◆ MATERIALS PROVIDED:
=== Section Start ===

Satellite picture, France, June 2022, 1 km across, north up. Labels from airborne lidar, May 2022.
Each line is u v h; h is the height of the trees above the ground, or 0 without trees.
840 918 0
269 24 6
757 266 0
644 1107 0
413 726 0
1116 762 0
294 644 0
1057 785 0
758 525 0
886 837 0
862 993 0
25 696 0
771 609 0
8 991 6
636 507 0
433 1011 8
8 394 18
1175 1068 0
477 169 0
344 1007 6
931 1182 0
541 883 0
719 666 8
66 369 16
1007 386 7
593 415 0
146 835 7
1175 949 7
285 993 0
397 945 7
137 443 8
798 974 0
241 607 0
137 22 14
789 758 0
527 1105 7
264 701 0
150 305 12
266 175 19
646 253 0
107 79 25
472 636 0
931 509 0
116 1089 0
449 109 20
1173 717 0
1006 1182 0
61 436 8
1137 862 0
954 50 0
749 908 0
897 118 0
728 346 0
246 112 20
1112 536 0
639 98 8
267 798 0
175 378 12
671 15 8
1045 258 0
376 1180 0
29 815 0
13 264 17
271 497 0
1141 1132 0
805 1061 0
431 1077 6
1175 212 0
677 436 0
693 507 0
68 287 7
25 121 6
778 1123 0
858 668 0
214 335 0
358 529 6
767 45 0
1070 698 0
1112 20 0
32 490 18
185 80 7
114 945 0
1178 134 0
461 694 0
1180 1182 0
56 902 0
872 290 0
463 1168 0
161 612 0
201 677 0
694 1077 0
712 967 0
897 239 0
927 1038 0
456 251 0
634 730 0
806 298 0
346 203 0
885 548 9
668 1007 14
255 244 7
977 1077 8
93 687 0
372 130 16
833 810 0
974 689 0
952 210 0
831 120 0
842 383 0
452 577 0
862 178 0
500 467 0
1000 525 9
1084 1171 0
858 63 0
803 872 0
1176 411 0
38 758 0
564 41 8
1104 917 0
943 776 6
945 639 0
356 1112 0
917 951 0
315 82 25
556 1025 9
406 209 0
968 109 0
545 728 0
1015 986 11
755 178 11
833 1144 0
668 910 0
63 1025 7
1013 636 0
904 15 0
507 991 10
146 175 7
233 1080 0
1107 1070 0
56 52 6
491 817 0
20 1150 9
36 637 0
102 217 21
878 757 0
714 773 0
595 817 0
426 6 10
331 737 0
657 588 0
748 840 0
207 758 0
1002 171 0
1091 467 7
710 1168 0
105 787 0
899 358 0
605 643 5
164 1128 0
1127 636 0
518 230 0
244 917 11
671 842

=== Section End ===

◆ YOUR INSTRUCTIONS: Retype the data shown above so that each line matches the original.

◆ THE COMPLETED TASK:
Satellite picture, France, June 2022, 1 km across, north up. Labels from airborne lidar, May 2022.
Each line is u v h; h is the height of the trees above the ground, or 0 without trees.
840 918 0
269 24 6
757 266 0
644 1107 0
413 726 0
1116 762 0
294 644 0
1057 785 0
758 525 0
886 837 0
862 993 0
25 696 0
771 609 0
8 991 6
636 507 0
433 1011 8
8 394 18
1175 1068 0
477 169 0
344 1007 6
931 1182 0
541 883 0
719 666 8
66 369 16
1007 386 7
593 415 0
146 835 7
1175 949 7
285 993 0
397 945 7
137 443 8
798 974 0
241 607 0
137 22 14
789 758 0
527 1105 7
264 701 0
150 305 12
266 175 19
646 253 0
107 79 25
472 636 0
931 509 0
116 1089 0
449 109 20
1173 717 0
1006 1182 0
61 436 8
1137 862 0
954 50 0
749 908 0
897 118 0
728 346 0
246 112 20
1112 536 0
639 98 8
267 798 0
175 378 12
671 15 8
1045 258 0
376 1180 0
29 815 0
13 264 17
271 497 0
1141 1132 0
805 1061 0
431 1077 6
1175 212 0
677 436 0
693 507 0
68 287 7
25 121 6
778 1123 0
858 668 0
214 335 0
358 529 6
767 45 0
1070 698 0
1112 20 0
32 490 18
185 80 7
114 945 0
1178 134 0
461 694 0
1180 1182 0
56 902 0
872 290 0
463 1168 0
161 612 0
201 677 0
694 1077 0
712 967 0
897 239 0
927 1038 0
456 251 0
634 730 0
806 298 0
346 203 0
885 548 9
668 1007 14
255 244 7
977 1077 8
93 687 0
372 130 16
833 810 0
974 689 0
952 210 0
831 120 0
842 383 0
452 577 0
862 178 0
500 467 0
1000 525 9
1084 1171 0
858 63 0
803 872 0
1176 411 0
38 758 0
564 41 8
1104 917 0
943 776 6
945 639 0
356 1112 0
917 951 0
315 82 25
556 1025 9
406 209 0
968 109 0
545 728 0
1015 986 11
755 178 11
833 1144 0
668 910 0
63 1025 7
1013 636 0
904 15 0
507 991 10
146 175 7
233 1080 0
1107 1070 0
56 52 6
491 817 0
20 1150 9
36 637 0
102 217 21
878 757 0
714 773 0
595 817 0
426 6 10
331 737 0
657 588 0
748 840 0
207 758 0
1002 171 0
1091 467 7
710 1168 0
105 787 0
899 358 0
605 643 5
164 1128 0
1127 636 0
518 230 0
244 917 11
671 842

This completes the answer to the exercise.